We have four stages of the CI

build
lint
test
pages

These stages are automatically run by the GitLab runners when you push to the repository. The pipeline halts and you are informed if any of the steps fail. There are some subtleties in the way the test results and test coverage are reported and we deal with them below as we go through the steps in more detail.

Building The Project 

Todo

Need to add some CMake Coding Conventions

The Image 

We recommend building using the cpp_base image that we have developed and stored in the image repository. This, or an image derived from it contains all the tools required to operate this CI pipeline and you should avoid the pain of installing and configuring system tools.

CMake for Beginners 

We recommend using CMake as a build tool. It is widely used, includes the ability to generate buildfiles for different development environments. This allows developers the freedom to use whatever IDE they would like (e.g. Eclipse and Xcode) from the same CMake files.

The CMake application parses the CMakeLists.txt file and generates a set of build scripts. An important element of the CMake philosophy is that you can build the application out-of-place, thereby supporting multiple build configurations from the same source tree.

This is the top level CMakeLists.txt file

cmake_minimum_required(VERSION 3.5)

file(STRINGS version.txt HelloWorld_VERSION)
message(STATUS "Building HelloWorld version ${HelloWorld_VERSION}")

# Project configuration, specifying version, languages,
# and the C++ standard to use for the whole project
project(HelloWorld LANGUAGES CXX VERSION ${HelloWorld_VERSION})
set(CMAKE_CXX_STANDARD 14)
set(CMAKE_CXX_STANDARD_REQUIRED ON)

include(CTest)

# External projects
if (BUILD_TESTING)
	add_subdirectory(external/gtest-1.8.1 googletest)
# installed as git submodule - if this is your first clone you need to
# git submodule init
# git submodule update
# This is a cmake module and needs no further input from you
endif()

add_subdirectory(src)

This file defines the project, but the actual applications and libraries are found futher down the tree. An example CMake file in the template that is used to build the executeable is

# add the executable
add_executable (HelloWorld hello_world.cc)
target_link_libraries (HelloWorld HelloClasses)

install (TARGETS HelloWorld DESTINATION bin)

add_test(NAME HelloWorldExec COMMAND HelloWorld)
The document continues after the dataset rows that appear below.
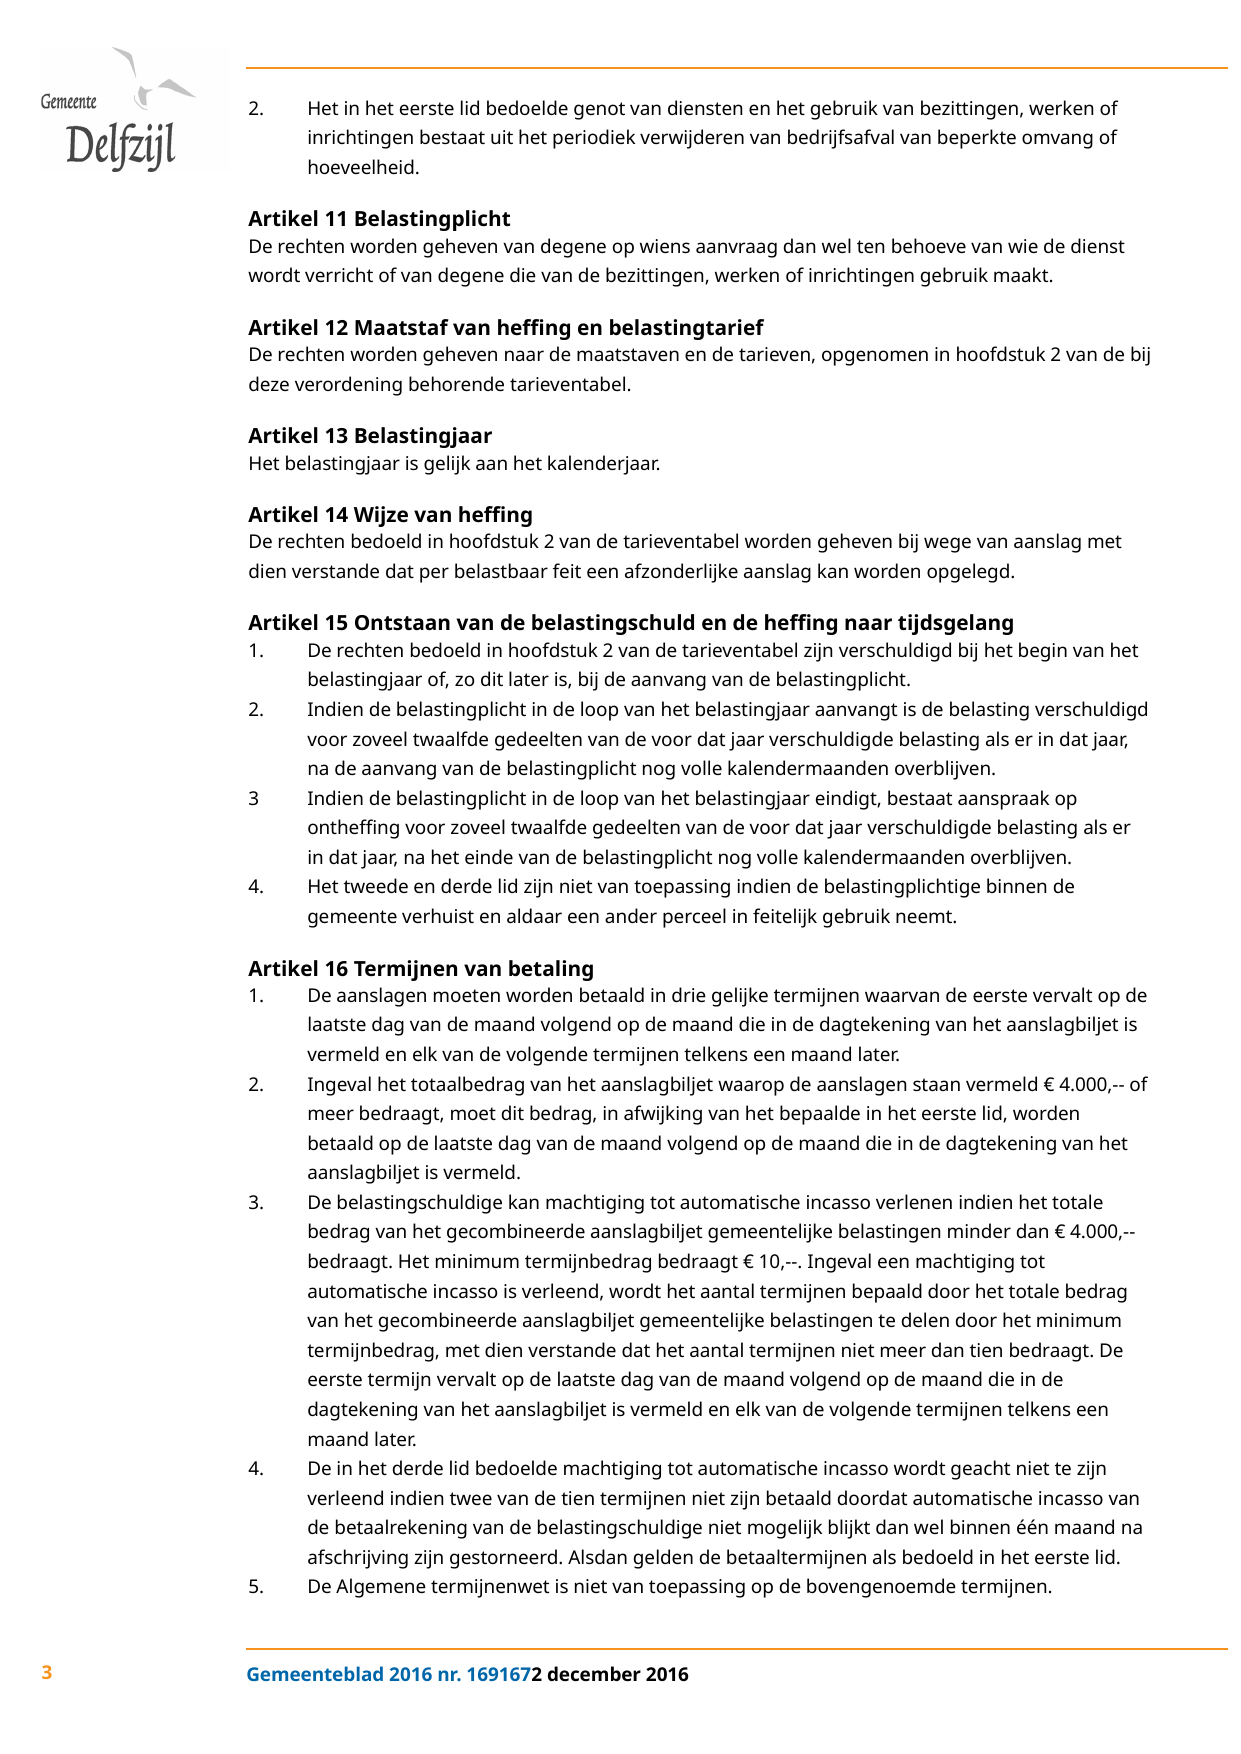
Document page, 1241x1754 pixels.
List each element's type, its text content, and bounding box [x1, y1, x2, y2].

list Ingeval het totaalbedrag van het aanslagbiljet waarop de aanslagen staan vermeld € 4.000,-- of meer bedraagt, moet dit bedrag, in afwijking van het bepaalde in het eerste lid, worden betaald op de laatste dag van de maand volgend op de maand die in de dagtekening van het aanslagbiljet is vermeld. [248, 1071, 1152, 1185]
text Artikel 14 Wijze van heffing [248, 500, 1152, 528]
list De rechten bedoeld in hoofdstuk 2 van de tarieventabel zijn verschuldigd bij het begin van het belastingjaar of, zo dit later is, bij de aanvang van de belastingplicht. [248, 637, 1152, 692]
text Artikel 16 Termijnen van betaling [248, 954, 1152, 982]
picture [41, 47, 231, 172]
text Artikel 11 Belastingplicht [248, 204, 1152, 233]
text De rechten worden geheven van degene op wiens aanvraag dan wel ten behoeve van wie de dienst wordt verricht of van degene die van de bezittingen, werken of inrichtingen gebruik maakt. [248, 233, 1152, 288]
list De Algemene termijnenwet is niet van toepassing op de bovengenoemde termijnen. [248, 1574, 1152, 1599]
text De rechten bedoeld in hoofdstuk 2 van de tarieventabel worden geheven bij wege van aanslag met dien verstande dat per belastbaar feit een afzonderlijke aanslag kan worden opgelegd. [248, 528, 1152, 584]
text Artikel 12 Maatstaf van heffing en belastingtarief [248, 313, 1152, 341]
list De in het derde lid bedoelde machtiging tot automatische incasso wordt geacht niet te zijn verleend indien twee van de tien termijnen niet zijn betaald doordat automatische incasso van de betaalrekening van de belastingschuldige niet mogelijk blijkt dan wel binnen één maand na afschrijving zijn gestorneerd. Alsdan gelden de betaaltermijnen als bedoeld in het eerste lid. [248, 1455, 1152, 1570]
text Het belastingjaar is gelijk aan het kalenderjaar. [248, 450, 1152, 475]
list De belastingschuldige kan machtiging tot automatische incasso verlenen indien het totale bedrag van het gecombineerde aanslagbiljet gemeentelijke belastingen minder dan € 4.000,-- bedraagt. Het minimum termijnbedrag bedraagt € 10,--. Ingeval een machtiging tot automatische incasso is verleend, wordt het aantal termijnen bepaald door het totale bedrag van het gecombineerde aanslagbiljet gemeentelijke belastingen te delen door het minimum termijnbedrag, met dien verstande dat het aantal termijnen niet meer dan tien bedraagt. De eerste termijn vervalt op de laatste dag van de maand volgend op de maand die in de dagtekening van het aanslagbiljet is vermeld en elk van de volgende termijnen telkens een maand later. [248, 1189, 1152, 1452]
list Het tweede en derde lid zijn niet van toepassing indien de belastingplichtige binnen de gemeente verhuist en aldaar een ander perceel in feitelijk gebruik neemt. [248, 874, 1152, 929]
text De rechten worden geheven naar de maatstaven en de tarieven, opgenomen in hoofdstuk 2 van de bij deze verordening behorende tarieventabel. [248, 341, 1152, 397]
text Artikel 13 Belastingjaar [248, 421, 1152, 450]
list Indien de belastingplicht in de loop van het belastingjaar aanvangt is de belasting verschuldigd voor zoveel twaalfde gedeelten van de voor dat jaar verschuldigde belasting als er in dat jaar, na de aanvang van de belastingplicht nog volle kalendermaanden overblijven. [248, 696, 1152, 781]
list Indien de belastingplicht in de loop van het belastingjaar eindigt, bestaat aanspraak op ontheffing voor zoveel twaalfde gedeelten van de voor dat jaar verschuldigde belasting als er in dat jaar, na het einde van de belastingplicht nog volle kalendermaanden overblijven. [248, 785, 1152, 870]
list Het in het eerste lid bedoelde genot van diensten en het gebruik van bezittingen, werken of inrichtingen bestaat uit het periodiek verwijderen van bedrijfsafval van beperkte omvang of hoeveelheid. [248, 95, 1152, 180]
list De aanslagen moeten worden betaald in drie gelijke termijnen waarvan de eerste vervalt op de laatste dag van de maand volgend op de maand die in de dagtekening van het aanslagbiljet is vermeld en elk van de volgende termijnen telkens een maand later. [248, 982, 1152, 1067]
text Artikel 15 Ontstaan van de belastingschuld en de heffing naar tijdsgelang [248, 608, 1152, 637]

There are a number of beginner CMake tutorials on the web. The following commands should be all you need to build the HelloWorld project on your system.

>cd cpp_template

For an out-of-place build you make your build directory. This can be anywhere

> mkdir build
> cd build

Then you run cmake - you control where you want the installation to go by setting the install prefix. But you also need to point cmake to the directory containing your top level CMakeLists.txt file

> cmake -DCMAKE_INSTALL_PREFIX=my_install_dir my_source_code

CMake then runs, first attempting to resolve all the compile time dependencies that the project defines. Note you do not have to generate Makefiles, CMake alos supports XCode and Eclipse projects. Checkout the CMake manpage for the current list.
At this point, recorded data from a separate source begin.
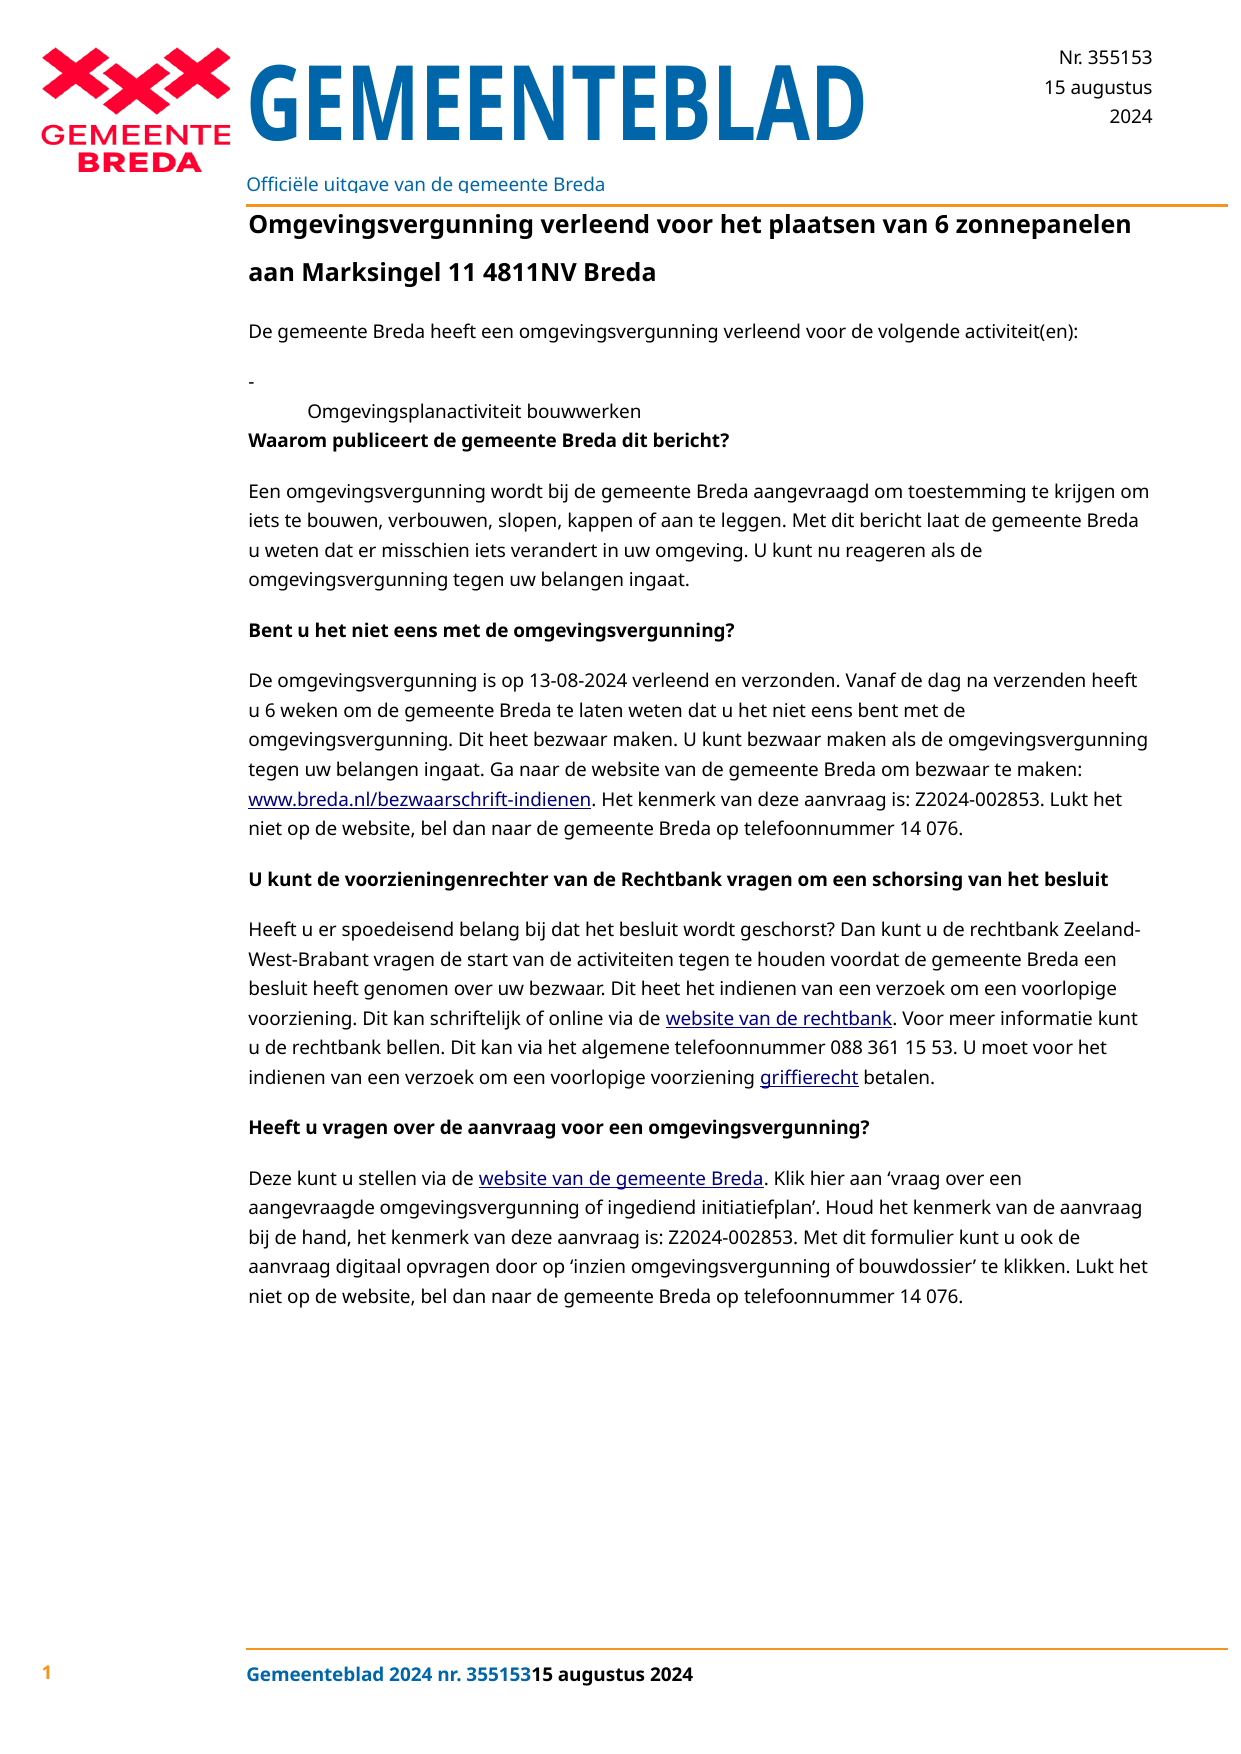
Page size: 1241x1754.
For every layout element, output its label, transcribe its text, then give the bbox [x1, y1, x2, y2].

text Een omgevingsvergunning wordt bij de gemeente Breda aangevraagd om toestemming te krijgen om iets te bouwen, verbouwen, slopen, kappen of aan te leggen. Met dit bericht laat de gemeente Breda u weten dat er misschien iets verandert in uw omgeving. U kunt nu reageren als de omgevingsvergunning tegen uw belangen ingaat. [248, 478, 1152, 592]
text Heeft u vragen over de aanvraag voor een omgevingsvergunning? [248, 1114, 1152, 1140]
text Omgevingsvergunning verleend voor het plaatsen van 6 zonnepanelen aan Marksingel 11 4811NV Breda [248, 207, 1152, 288]
text De gemeente Breda heeft een omgevingsvergunning verleend voor de volgende activiteit(en): [248, 318, 1152, 344]
text Waarom publiceert de gemeente Breda dit bericht? [248, 427, 1152, 453]
text U kunt de voorzieningenrechter van de Rechtbank vragen om een schorsing van het besluit [248, 866, 1152, 892]
text Deze kunt u stellen via de website van de gemeente Breda. Klik hier aan ‘vraag over een aangevraagde omgevingsvergunning of ingediend initiatiefplan’. Houd het kenmerk van de aanvraag bij de hand, het kenmerk van deze aanvraag is: Z2024-002853. Met dit formulier kunt u ook de aanvraag digitaal opvragen door op ‘inzien omgevingsvergunning of bouwdossier’ te klikken. Lukt het niet op de website, bel dan naar de gemeente Breda op telefoonnummer 14 076. [248, 1165, 1152, 1309]
text Bent u het niet eens met de omgevingsvergunning? [248, 617, 1152, 643]
text Heeft u er spoedeisend belang bij dat het besluit wordt geschorst? Dan kunt u de rechtbank Zeeland-West-Brabant vragen de start van de activiteiten tegen te houden voordat de gemeente Breda een besluit heeft genomen over uw bezwaar. Dit heet het indienen van een verzoek om een voorlopige voorziening. Dit kan schriftelijk of online via de website van de rechtbank. Voor meer informatie kunt u de rechtbank bellen. Dit kan via het algemene telefoonnummer 088 361 15 53. U moet voor het indienen van een verzoek om een voorlopige voorziening griffierecht betalen. [248, 916, 1152, 1090]
picture [41, 47, 231, 172]
text De omgevingsvergunning is op 13-08-2024 verleend en verzonden. Vanaf de dag na verzenden heeft u 6 weken om de gemeente Breda te laten weten dat u het niet eens bent met de omgevingsvergunning. Dit heet bezwaar maken. U kunt bezwaar maken als de omgevingsvergunning tegen uw belangen ingaat. Ga naar de website van de gemeente Breda om bezwaar te maken: www.breda.nl/bezwaarschrift-indienen. Het kenmerk van deze aanvraag is: Z2024-002853. Lukt het niet op de website, bel dan naar de gemeente Breda op telefoonnummer 14 076. [248, 667, 1152, 841]
list Omgevingsplanactiviteit bouwwerken [248, 398, 1152, 424]

After the build files have been generated you are free to build thr project. With the default Makefiles, you just need:

>make install

If you are using Eclipse or XCode you will have to start the build within your environment.

Withing the CI/CD control file above you can see that we invoke CMake with different BUILD_TYPES these add specific compiler flags. Please see the cmake documentation for more information.

CMake Coding Conventions 

Unfortunately there is even less consensus in the community as to the most effective way to write CMake files, thought there are a lot of opinions. We have found a good distillation of some effective ideas can be found here. And GitLab has an introduction to Modern CMake.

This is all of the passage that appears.